Physics-Inspired Probabilistic Computing for Extremely Large-Scale MIMO Detection in Future 6G Wireless Systems

TL;DR

This paper introduces physics-inspired probabilistic computing methods, specifically Ising machines, for efficient large-scale MIMO detection in future 6G wireless systems, achieving high accuracy with reduced complexity.

Contribution

It develops a generalized PIM-inspired framework using p-dits for scalable, adaptive MIMO detection across various modulation schemes and system sizes.

Findings

PIMs achieve optimal ML detection for 2048x2048 systems in 100 iterations.

The framework performs well up to 256x256 MIMO with low BER.
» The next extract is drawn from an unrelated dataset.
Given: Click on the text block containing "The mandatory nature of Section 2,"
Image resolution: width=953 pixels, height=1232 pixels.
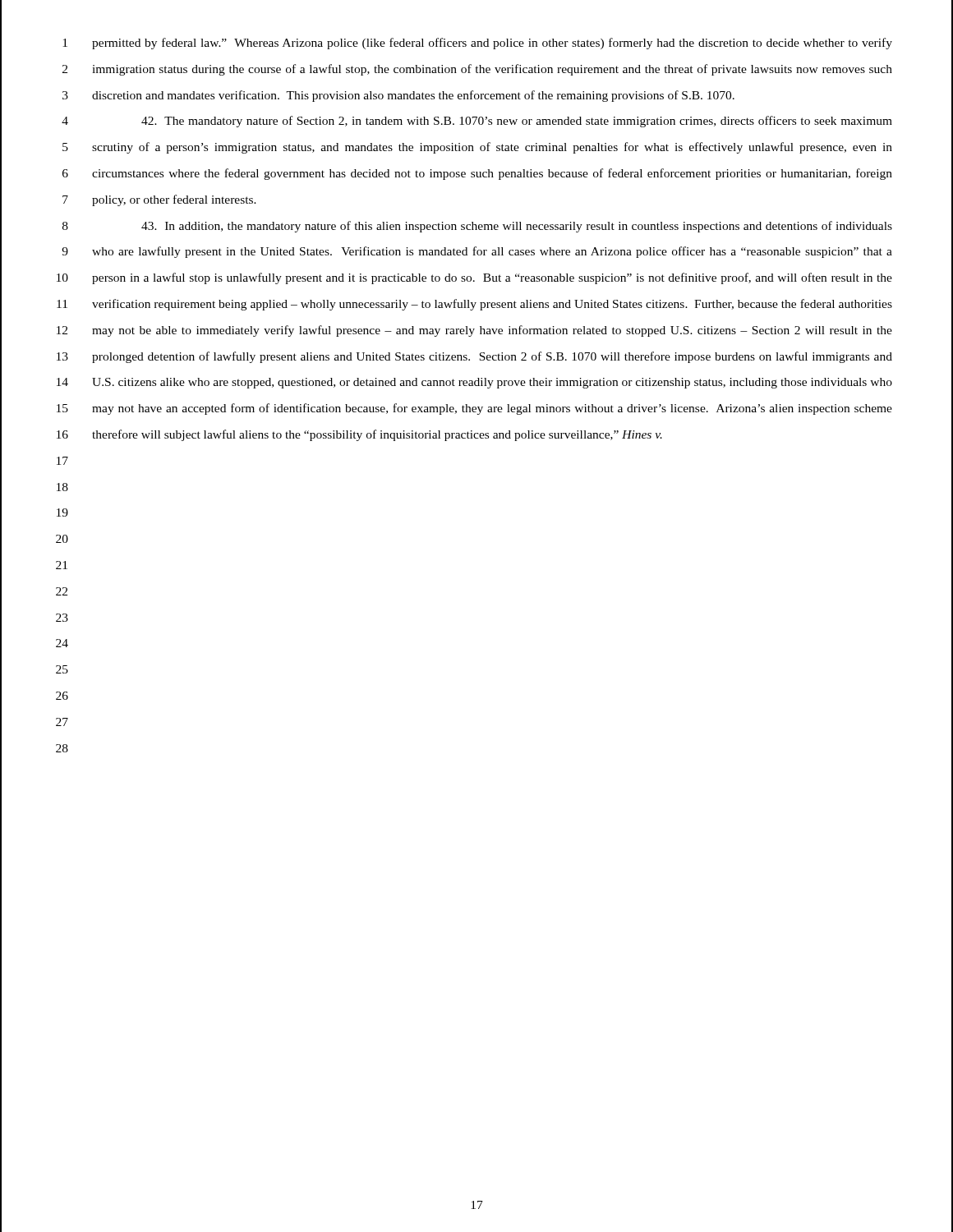Looking at the screenshot, I should pyautogui.click(x=492, y=160).

The p-dit interaction matrix is modulation-independent, enabling adaptability.

Abstract

Extremely large-scale multiple-input multiple-output (XL-MIMO) architectures are a key enabler of forthcoming 6G wireless communication networks by allowing high data rates through massive spatial multiplexing. Here, we approach these problems with physics-inspired unconventional computing based on Ising machines (IMs). For binary modulation, probabilistic IMs (PIMs) and oscillator-based IMs achieve optimal ML detection with systems up to 2048x2048 antennas with only 100 iterations, matching optimal sphere decoder performance for computationally treatable sizes and outperforming the minimum mean-square error (MMSE) industrial standard. For M-QAM up to 256, a generalized PIM-inspired framework, based on d-dimensional probabilistic variables (p-dits) that directly encode QAM symbols, shows low bit-error-rate across sizes up to 256x256 antennas, outperforming or matching MMSE with reduced algorithmic complexity. Unlike the binary mapping, the p-dit interaction matrix is independent of the QAM order, enabling adaptive MIMO modulation. These results show a promising scalable paradigm for XL MIMO detection in future 6G networks.